**Problem to work on:**
For the entries below, say how many lines include the word "units" and add nothing else.

Start of Records for processing

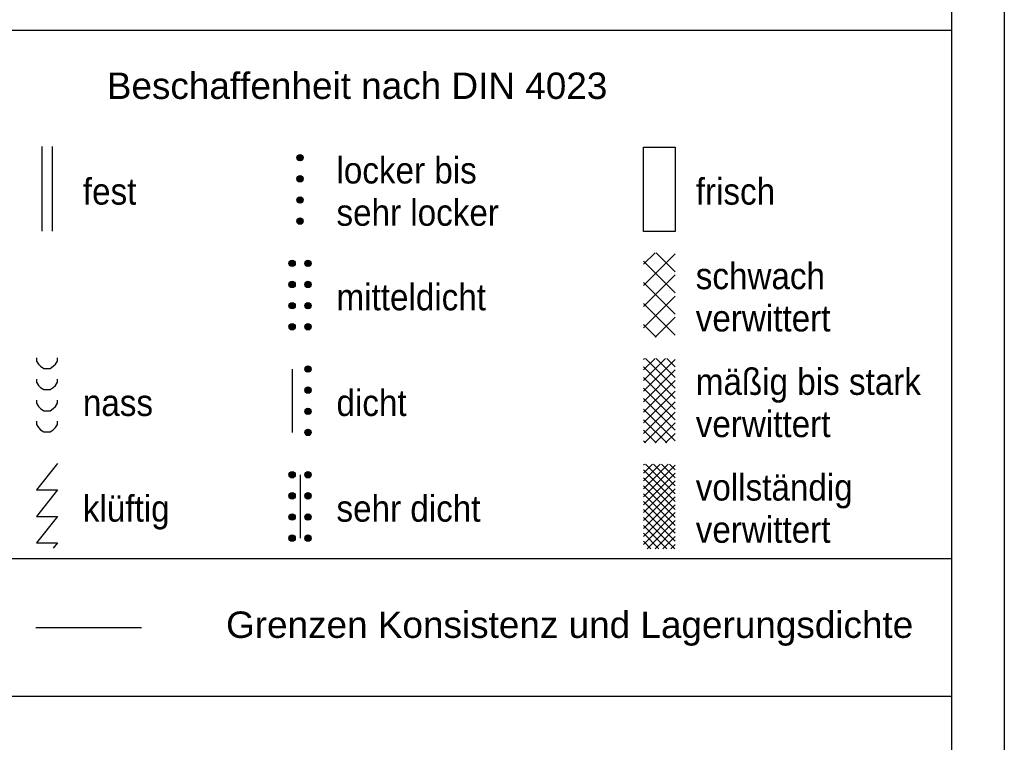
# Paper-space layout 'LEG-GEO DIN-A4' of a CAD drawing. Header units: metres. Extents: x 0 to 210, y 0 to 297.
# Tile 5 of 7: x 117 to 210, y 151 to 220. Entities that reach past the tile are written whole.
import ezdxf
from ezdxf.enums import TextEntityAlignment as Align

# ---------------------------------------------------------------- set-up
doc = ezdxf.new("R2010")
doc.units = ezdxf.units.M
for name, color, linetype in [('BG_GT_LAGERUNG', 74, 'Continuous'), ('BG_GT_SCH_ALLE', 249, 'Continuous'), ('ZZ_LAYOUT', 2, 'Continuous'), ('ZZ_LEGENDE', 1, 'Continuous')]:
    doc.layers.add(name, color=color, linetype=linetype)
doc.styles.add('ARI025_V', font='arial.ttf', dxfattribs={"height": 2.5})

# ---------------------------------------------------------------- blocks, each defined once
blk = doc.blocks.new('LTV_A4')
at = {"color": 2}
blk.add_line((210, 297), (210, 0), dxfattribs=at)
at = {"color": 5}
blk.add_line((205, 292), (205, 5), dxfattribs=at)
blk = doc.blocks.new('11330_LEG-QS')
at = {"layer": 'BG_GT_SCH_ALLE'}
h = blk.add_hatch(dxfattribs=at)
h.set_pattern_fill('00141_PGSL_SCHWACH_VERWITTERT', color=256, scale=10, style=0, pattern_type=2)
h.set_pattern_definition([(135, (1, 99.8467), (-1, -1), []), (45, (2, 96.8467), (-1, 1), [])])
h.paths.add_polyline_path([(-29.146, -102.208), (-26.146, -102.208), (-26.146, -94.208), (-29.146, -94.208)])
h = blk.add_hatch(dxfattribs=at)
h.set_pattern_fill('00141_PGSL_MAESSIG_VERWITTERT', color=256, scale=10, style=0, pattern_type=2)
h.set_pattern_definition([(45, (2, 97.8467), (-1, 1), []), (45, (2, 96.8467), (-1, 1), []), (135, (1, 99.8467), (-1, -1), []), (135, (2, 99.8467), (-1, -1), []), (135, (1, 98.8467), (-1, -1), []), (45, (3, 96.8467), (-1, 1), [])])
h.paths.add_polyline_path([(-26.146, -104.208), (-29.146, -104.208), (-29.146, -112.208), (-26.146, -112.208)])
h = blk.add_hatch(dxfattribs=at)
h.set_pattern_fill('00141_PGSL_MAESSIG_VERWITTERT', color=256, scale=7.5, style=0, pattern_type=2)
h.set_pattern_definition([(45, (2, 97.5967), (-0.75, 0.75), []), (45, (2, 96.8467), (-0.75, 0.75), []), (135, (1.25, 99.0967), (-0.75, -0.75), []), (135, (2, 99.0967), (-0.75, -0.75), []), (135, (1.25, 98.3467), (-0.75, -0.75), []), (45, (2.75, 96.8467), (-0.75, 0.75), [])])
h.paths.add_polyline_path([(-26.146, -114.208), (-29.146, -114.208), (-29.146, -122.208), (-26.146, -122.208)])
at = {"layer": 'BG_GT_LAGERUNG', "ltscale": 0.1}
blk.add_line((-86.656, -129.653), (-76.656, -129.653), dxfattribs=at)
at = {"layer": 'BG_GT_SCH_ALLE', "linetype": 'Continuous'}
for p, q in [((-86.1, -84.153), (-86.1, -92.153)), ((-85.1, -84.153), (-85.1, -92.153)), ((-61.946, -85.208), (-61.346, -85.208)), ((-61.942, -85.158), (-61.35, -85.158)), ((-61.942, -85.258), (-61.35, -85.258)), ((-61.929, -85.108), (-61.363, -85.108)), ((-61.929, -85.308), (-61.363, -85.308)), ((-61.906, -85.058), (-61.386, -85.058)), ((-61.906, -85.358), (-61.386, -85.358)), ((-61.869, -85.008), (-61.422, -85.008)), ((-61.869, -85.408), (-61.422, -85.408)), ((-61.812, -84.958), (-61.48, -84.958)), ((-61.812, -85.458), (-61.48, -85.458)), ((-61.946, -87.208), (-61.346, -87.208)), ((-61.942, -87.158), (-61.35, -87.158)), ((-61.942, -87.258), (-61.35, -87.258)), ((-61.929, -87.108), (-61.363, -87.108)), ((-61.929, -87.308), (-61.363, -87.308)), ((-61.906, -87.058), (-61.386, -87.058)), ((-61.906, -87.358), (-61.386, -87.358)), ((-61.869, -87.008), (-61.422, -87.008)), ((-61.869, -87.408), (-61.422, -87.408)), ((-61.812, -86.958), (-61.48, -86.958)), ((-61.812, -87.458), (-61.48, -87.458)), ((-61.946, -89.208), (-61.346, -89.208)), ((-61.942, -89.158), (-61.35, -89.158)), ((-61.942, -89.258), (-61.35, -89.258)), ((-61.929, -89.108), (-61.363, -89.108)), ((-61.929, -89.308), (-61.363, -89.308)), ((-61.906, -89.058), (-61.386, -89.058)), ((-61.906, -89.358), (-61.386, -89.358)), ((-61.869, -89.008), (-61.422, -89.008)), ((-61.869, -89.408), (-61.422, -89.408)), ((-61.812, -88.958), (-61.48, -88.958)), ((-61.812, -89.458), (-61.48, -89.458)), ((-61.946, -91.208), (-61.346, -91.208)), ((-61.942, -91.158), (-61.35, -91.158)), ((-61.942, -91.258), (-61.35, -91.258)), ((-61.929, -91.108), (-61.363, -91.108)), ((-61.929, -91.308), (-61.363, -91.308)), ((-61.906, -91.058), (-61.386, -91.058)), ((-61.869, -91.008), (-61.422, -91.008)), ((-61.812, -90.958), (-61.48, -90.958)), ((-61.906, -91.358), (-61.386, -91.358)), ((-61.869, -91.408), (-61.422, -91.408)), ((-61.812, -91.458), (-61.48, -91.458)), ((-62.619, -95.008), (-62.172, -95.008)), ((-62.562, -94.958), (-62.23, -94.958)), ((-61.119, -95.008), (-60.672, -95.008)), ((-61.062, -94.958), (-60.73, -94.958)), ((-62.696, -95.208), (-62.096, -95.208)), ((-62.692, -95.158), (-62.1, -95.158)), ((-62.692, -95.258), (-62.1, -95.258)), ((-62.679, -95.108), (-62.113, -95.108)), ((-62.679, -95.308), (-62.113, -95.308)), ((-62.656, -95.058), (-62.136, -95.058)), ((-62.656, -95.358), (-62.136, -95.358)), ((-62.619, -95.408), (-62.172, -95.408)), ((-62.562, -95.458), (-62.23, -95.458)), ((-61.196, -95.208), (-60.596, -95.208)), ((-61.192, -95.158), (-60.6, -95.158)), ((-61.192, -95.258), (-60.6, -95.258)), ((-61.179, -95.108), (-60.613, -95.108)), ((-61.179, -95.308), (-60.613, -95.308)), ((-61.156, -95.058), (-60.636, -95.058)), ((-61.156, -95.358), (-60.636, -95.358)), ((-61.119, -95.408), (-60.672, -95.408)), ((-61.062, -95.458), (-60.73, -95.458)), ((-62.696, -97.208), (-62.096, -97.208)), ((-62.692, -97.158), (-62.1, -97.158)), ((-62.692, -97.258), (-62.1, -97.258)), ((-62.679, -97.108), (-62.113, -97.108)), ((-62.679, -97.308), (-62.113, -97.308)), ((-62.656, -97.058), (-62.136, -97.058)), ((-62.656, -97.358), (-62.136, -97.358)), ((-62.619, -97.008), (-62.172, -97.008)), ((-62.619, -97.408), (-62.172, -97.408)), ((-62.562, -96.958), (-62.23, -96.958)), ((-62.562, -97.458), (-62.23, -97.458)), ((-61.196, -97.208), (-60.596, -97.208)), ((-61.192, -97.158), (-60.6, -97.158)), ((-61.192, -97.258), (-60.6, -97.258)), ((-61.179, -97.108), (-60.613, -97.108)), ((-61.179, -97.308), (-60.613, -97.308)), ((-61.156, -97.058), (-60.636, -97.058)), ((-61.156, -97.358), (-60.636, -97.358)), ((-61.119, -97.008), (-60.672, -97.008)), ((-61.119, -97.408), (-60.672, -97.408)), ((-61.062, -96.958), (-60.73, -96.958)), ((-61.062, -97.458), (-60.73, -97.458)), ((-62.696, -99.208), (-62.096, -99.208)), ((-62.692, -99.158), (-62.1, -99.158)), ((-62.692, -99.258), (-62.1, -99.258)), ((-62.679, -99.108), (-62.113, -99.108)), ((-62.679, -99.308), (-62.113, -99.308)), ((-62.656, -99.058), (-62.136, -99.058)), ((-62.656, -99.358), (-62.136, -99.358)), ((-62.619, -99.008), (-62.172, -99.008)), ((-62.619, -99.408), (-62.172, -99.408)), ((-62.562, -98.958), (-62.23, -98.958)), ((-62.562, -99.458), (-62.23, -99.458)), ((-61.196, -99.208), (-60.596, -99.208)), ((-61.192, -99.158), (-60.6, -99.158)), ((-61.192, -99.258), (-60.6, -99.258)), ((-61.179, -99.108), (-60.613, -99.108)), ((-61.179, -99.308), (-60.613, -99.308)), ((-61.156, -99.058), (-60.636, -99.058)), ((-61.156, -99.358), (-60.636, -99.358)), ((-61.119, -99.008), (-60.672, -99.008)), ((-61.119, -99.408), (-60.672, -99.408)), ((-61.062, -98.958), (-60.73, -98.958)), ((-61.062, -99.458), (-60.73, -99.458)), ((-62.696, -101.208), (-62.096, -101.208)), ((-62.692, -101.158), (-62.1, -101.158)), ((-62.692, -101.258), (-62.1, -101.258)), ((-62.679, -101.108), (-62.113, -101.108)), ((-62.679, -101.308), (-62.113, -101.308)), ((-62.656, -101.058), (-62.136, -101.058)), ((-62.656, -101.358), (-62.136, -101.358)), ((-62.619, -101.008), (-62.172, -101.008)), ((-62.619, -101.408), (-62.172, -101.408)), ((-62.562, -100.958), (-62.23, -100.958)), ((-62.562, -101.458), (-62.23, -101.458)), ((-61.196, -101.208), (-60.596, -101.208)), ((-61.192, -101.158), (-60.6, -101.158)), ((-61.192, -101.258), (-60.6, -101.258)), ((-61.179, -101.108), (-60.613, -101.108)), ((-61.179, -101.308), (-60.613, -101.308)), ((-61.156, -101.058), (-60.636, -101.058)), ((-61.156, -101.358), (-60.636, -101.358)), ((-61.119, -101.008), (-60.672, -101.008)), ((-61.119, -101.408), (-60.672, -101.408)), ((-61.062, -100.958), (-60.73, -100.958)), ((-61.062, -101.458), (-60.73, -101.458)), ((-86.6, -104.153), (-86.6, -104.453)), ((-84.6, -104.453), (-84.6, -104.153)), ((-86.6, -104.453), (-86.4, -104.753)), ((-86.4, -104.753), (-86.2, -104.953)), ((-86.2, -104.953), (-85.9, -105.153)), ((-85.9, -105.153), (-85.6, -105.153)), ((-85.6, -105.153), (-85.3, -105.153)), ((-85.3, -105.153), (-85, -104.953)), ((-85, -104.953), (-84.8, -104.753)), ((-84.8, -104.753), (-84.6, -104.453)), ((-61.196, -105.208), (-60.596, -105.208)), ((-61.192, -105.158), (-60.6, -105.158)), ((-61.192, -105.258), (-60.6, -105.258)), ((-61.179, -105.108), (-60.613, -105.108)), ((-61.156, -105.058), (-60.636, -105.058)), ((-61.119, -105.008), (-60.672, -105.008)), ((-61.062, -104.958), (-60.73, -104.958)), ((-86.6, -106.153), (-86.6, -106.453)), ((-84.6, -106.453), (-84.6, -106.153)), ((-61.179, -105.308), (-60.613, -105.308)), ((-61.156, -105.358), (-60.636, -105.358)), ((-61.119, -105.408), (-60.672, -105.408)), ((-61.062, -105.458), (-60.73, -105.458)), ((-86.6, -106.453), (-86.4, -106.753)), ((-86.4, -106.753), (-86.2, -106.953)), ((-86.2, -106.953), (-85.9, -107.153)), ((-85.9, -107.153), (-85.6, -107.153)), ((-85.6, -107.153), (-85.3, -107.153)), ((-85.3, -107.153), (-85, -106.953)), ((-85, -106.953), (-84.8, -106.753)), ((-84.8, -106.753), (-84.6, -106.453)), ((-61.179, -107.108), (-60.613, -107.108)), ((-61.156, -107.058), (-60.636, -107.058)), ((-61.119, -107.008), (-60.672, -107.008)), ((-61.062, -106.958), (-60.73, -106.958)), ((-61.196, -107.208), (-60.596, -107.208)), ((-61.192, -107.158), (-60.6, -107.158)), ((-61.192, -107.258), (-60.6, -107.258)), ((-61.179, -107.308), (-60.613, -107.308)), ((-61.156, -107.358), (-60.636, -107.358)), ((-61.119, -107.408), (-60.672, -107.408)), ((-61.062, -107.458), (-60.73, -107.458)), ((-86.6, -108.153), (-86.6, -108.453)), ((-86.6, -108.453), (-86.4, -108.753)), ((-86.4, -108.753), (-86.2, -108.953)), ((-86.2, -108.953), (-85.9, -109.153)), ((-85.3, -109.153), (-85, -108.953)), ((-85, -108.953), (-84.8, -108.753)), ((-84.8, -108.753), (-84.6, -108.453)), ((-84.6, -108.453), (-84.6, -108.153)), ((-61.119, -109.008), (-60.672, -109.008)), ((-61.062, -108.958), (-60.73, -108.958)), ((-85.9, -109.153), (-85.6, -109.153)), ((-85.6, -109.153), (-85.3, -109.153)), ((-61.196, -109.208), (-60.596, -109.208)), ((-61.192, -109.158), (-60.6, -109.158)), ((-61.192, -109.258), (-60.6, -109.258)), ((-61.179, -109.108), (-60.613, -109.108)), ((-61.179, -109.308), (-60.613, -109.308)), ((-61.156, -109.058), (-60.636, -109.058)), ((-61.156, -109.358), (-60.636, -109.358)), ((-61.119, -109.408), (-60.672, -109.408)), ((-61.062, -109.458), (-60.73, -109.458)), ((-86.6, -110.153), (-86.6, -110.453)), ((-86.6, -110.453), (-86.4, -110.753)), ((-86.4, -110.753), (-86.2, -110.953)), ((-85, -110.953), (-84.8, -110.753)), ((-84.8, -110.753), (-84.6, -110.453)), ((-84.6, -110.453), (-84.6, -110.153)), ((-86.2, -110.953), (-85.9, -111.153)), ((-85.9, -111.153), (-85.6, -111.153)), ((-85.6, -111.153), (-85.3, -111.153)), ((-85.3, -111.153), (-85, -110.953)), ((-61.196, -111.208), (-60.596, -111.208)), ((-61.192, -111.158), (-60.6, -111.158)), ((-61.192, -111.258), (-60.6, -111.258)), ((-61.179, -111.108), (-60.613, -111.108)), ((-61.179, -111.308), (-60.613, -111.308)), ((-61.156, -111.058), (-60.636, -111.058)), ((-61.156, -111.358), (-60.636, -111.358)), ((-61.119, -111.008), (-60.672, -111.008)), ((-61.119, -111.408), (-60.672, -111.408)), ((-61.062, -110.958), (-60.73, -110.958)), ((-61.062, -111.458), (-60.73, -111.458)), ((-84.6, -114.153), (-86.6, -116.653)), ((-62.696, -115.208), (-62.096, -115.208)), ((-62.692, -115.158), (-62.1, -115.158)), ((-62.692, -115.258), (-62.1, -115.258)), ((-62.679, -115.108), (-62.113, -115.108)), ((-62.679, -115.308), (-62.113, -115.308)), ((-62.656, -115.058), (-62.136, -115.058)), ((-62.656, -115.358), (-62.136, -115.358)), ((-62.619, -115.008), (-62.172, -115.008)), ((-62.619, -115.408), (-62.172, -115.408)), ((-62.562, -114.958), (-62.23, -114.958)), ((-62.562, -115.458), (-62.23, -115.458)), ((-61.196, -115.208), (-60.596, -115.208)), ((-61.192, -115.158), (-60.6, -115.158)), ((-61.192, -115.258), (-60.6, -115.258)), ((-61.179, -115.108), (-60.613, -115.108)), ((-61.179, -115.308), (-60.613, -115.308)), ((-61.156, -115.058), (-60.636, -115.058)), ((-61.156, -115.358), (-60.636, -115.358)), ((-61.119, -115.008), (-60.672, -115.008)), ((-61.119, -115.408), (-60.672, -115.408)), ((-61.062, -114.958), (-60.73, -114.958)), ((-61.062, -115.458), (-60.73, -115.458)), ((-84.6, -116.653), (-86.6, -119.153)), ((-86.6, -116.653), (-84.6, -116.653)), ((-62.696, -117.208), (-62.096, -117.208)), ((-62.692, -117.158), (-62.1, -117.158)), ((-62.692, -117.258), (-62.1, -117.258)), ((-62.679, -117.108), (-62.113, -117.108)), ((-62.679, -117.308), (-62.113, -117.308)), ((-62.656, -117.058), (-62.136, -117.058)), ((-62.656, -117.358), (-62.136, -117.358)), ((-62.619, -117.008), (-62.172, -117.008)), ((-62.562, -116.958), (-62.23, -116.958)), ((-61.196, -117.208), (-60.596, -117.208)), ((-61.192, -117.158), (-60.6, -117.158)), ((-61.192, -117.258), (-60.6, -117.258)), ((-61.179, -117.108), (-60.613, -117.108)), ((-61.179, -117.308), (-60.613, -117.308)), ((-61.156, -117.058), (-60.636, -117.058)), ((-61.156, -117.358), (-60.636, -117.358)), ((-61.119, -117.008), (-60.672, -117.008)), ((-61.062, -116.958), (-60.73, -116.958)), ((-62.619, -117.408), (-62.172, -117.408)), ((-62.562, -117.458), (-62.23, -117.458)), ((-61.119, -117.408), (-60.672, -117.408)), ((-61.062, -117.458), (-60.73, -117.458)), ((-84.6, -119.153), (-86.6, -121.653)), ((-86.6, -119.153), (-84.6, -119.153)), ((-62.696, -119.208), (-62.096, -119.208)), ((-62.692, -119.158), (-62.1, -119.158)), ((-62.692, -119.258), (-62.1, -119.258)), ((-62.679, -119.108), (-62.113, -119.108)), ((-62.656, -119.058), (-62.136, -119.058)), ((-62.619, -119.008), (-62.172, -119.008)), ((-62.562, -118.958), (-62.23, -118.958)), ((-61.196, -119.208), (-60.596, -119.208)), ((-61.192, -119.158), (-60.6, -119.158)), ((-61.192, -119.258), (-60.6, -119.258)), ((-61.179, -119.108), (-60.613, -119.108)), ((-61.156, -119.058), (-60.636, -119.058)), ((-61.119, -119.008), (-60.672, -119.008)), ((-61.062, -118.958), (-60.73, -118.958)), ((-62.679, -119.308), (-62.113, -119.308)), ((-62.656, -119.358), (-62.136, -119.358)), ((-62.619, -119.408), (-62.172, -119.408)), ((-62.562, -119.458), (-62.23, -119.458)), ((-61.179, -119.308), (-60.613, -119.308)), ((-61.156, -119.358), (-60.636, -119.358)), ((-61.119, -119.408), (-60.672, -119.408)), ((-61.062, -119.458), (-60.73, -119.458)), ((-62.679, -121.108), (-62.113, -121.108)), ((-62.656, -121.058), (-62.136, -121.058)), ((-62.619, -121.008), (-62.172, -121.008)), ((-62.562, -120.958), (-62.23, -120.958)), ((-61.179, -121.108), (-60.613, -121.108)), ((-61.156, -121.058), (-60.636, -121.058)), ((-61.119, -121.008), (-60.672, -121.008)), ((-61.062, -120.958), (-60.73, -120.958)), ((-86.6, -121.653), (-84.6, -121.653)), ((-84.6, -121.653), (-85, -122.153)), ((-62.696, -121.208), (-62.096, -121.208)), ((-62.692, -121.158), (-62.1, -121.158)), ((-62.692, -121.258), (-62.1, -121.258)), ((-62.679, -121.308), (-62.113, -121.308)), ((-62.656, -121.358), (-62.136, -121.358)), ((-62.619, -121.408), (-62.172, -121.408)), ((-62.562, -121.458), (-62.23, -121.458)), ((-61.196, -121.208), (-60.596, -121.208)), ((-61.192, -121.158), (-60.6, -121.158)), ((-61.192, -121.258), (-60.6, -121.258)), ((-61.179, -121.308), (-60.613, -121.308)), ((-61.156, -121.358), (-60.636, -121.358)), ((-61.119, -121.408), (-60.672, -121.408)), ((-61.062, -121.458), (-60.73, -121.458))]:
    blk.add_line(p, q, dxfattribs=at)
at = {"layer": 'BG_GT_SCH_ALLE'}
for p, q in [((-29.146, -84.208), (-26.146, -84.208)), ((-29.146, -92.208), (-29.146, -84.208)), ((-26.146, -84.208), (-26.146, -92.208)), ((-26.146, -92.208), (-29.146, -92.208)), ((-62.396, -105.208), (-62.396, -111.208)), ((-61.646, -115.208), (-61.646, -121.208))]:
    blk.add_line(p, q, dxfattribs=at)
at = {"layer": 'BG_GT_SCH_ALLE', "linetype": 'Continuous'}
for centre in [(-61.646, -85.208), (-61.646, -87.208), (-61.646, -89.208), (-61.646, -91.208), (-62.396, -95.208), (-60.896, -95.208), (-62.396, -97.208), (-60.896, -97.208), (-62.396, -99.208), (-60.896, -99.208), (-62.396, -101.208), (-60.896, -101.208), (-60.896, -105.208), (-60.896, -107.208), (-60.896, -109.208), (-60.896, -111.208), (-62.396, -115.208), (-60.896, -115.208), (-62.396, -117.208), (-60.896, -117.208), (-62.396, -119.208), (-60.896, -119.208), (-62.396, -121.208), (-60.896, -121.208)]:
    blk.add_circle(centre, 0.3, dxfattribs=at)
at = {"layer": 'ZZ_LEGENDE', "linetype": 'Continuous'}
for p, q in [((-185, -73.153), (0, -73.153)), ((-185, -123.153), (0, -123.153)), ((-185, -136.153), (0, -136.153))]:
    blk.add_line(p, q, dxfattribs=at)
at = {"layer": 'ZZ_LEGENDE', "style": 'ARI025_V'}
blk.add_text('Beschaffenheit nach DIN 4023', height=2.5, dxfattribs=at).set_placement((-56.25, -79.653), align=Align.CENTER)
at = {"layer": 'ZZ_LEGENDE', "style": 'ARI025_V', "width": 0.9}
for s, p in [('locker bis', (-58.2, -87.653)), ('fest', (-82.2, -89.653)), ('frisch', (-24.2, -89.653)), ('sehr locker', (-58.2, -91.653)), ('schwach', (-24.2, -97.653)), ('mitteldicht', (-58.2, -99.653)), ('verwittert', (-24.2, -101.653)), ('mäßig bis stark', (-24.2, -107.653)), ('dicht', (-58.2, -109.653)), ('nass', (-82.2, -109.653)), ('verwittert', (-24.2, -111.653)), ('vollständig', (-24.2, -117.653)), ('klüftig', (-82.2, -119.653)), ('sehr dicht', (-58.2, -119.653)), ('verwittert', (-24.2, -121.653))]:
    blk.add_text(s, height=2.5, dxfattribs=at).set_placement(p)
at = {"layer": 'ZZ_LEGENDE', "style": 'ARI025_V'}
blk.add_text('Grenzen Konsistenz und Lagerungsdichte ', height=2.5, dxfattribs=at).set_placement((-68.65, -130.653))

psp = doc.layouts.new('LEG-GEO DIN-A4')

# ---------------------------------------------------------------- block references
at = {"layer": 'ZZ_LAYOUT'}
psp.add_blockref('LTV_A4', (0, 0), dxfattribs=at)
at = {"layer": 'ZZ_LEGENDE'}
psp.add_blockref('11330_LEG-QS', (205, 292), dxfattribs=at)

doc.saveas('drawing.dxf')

End of Records for processing

**Answer space:**
2